Titel: In der Misosuppe (Originaltitel: イン ザ・ミソスープ- In za Misosūpu)
Autor: Ryū Murakami (村上 龍) (Übers.: Ursula Gräfe)
Verlag: Kiepenheuer & Witsch (2. Auflage: 2007)
Erscheinungsjahr: 1997 (jap.) / 2003 (engl.)
Umfang: 208 Seiten
ISBN: 978-3462037333
Preis: 8,95 €

Motivation

Bei der Suche nach einem für die Rezension geeigneten Literaturwerk, war ich zunächst auf die Thematik Samurai, welche mich schon immer faszinierte, fokussiert. Dies sollte sich jedoch nach einer Bibliotheksführung am Landesspracheinstitut in Bochum ändern. Die dort tätige Bibliothekarin stellte verschiedene japanische Werke aus den unterschiedlichsten Bereichen vor, wobei sie zu ‚In der Misosuppe‘ anmerkte, dass sie es auf der Hälfte weg gelegt habe, da die Ereignisse des Romans ihr wortgemäß zu ‚schaurig‘ gewesen seien.
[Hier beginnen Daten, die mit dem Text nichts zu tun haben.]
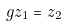<formula> <loc_0><loc_0><loc_500><loc_500>g z _ { 1 } = z _ { 2 }</formula> 
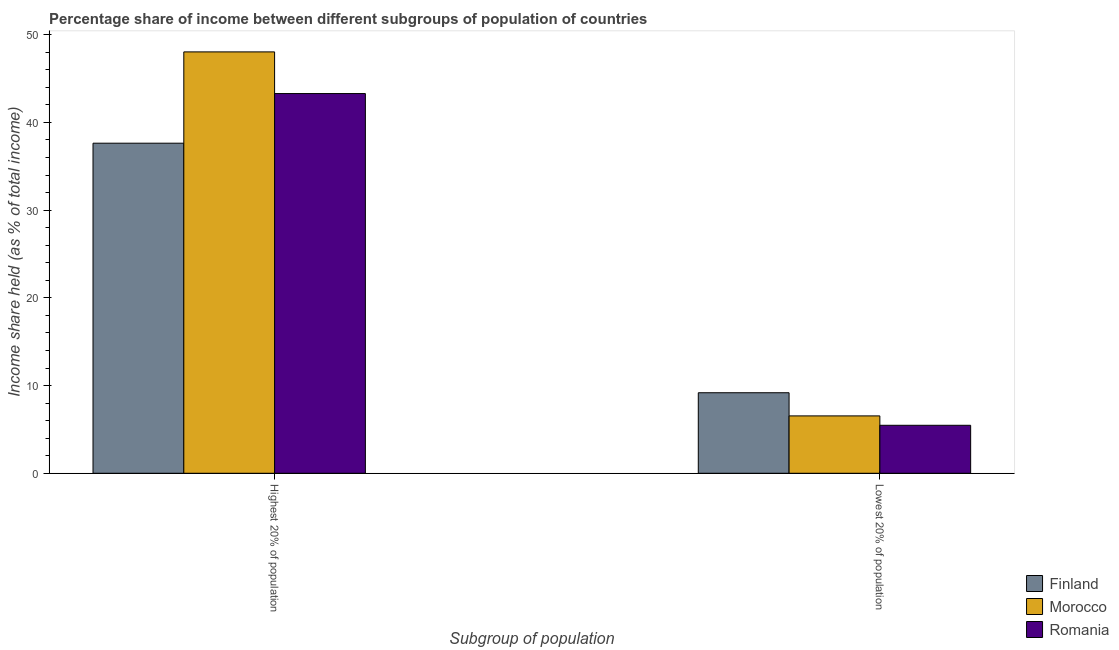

Im Zusammenhang mit dem doch eher harmlos erscheinenden Cover erweckte diese Aussage mein Interesse und strahlte einen gewissen Reiz aus, sodass ich noch einmal das persönliche Gespräch mit ihr suchte, in welchem ich erfuhr, dass der Autor Ryū Murakami ein durchaus renommierter japanischer Autor sei, der sich hauptsächlich auf das Verfassen gesellschaftskritischer Romane spezialisiert hat.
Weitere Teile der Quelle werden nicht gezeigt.